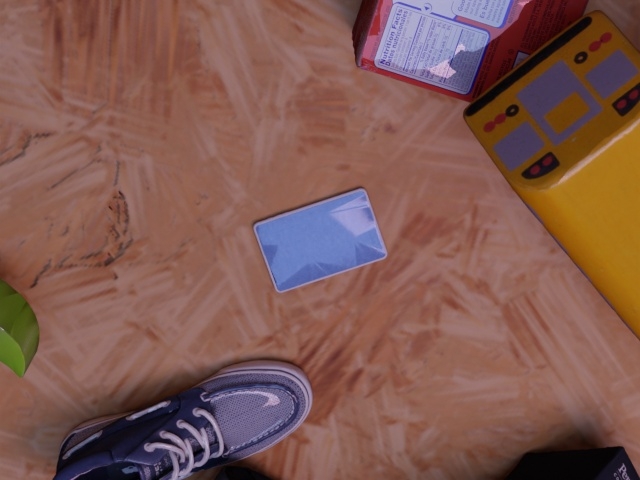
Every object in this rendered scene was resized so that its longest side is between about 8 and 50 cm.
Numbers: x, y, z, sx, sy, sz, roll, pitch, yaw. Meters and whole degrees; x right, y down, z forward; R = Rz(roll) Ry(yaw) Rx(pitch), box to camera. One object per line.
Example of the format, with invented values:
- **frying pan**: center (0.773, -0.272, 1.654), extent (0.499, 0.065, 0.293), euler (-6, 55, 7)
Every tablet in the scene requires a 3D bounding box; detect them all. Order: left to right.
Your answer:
- **tablet**: center (0.000, 0.000, 1.312), extent (0.083, 0.006, 0.054), euler (-18, 105, 4)

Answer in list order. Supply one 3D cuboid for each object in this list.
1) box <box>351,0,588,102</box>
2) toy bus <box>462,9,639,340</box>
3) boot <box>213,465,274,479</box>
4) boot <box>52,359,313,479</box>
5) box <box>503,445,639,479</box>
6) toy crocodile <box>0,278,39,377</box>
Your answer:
- **box**: center (0.117, -0.220, 1.188), extent (0.128, 0.122, 0.257), euler (16, 106, -6)
- **toy bus**: center (0.218, -0.002, 1.184), extent (0.108, 0.130, 0.332), euler (-39, 133, 7)
- **boot**: center (-0.183, 0.332, 1.327), extent (0.367, 0.146, 0.445), euler (37, 108, -22)
- **boot**: center (-0.095, 0.144, 1.311), extent (0.190, 0.086, 0.069), euler (-21, 105, 6)
- **box**: center (0.186, 0.302, 1.302), extent (0.103, 0.184, 0.261), euler (-14, 111, 47)
- **toy crocodile**: center (-0.331, 0.146, 1.296), extent (0.105, 0.115, 0.340), euler (41, 102, -12)
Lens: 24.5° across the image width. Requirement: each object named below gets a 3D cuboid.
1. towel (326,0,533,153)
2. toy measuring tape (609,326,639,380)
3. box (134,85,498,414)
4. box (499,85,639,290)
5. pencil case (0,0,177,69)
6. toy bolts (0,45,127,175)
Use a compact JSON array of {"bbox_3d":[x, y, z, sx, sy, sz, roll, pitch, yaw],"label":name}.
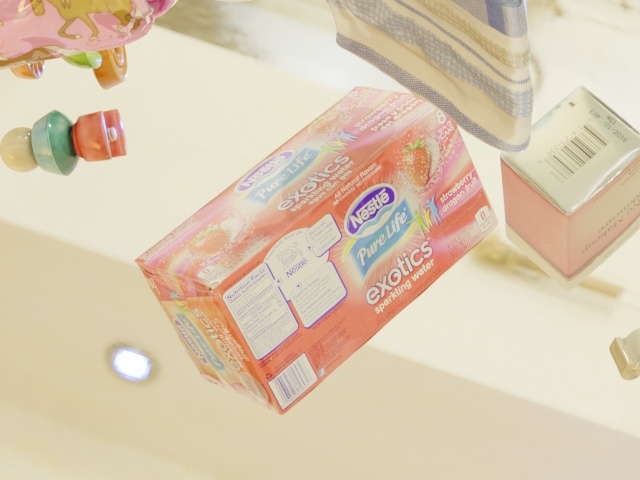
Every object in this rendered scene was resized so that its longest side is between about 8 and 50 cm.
[{"bbox_3d":[0.076,-0.172,1.154,0.034,0.209,0.285,-52,163,-9],"label":"towel"},{"bbox_3d":[0.417,0.047,1.277,0.330,0.121,0.121,-33,-172,17],"label":"toy measuring tape"},{"bbox_3d":[0.000,0.000,1.376,0.300,0.142,0.154,-40,121,-23],"label":"box"},{"bbox_3d":[0.328,-0.063,1.902,0.148,0.127,0.232,-41,155,-10],"label":"box"},{"bbox_3d":[-0.291,-0.165,0.970,0.167,0.386,0.160,66,7,-54],"label":"pencil case"},{"bbox_3d":[-0.352,-0.196,1.943,0.218,0.158,0.228,-11,92,-81],"label":"toy bolts"}]
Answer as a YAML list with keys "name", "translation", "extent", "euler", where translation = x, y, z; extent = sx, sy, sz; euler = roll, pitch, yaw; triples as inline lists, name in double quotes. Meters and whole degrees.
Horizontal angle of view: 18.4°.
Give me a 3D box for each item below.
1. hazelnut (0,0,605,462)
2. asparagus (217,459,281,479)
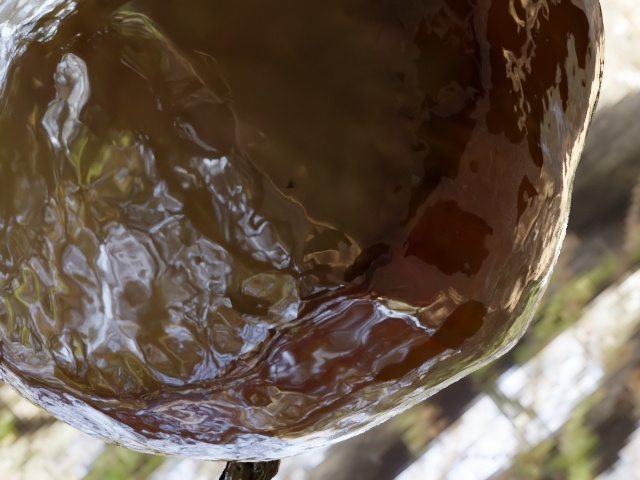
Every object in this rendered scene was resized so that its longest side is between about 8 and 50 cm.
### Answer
- name: "hazelnut"
  translation: [-0.008, -0.026, 0.548]
  extent: [0.210, 0.210, 0.186]
  euler: [46, -178, -13]
- name: "asparagus"
  translation: [0.000, 0.000, 0.775]
  extent: [0.024, 0.248, 0.025]
  euler: [12, 156, 9]

- Aim of the exercise: Going down the listing above, begin printing at the line with "Every tablet in" and finish with the line with "3) boot <box>213,465,274,479</box>", exactly as they appear.

- Result of the exercise:
Every tablet in the scene requires a 3D bounding box; detect them all. Order: left to right.
Your answer:
- **tablet**: center (0.000, 0.000, 1.312), extent (0.083, 0.006, 0.054), euler (-18, 105, 4)

Answer in list order. Supply one 3D cuboid for each object in this list.
1) box <box>351,0,588,102</box>
2) toy bus <box>462,9,639,340</box>
3) boot <box>213,465,274,479</box>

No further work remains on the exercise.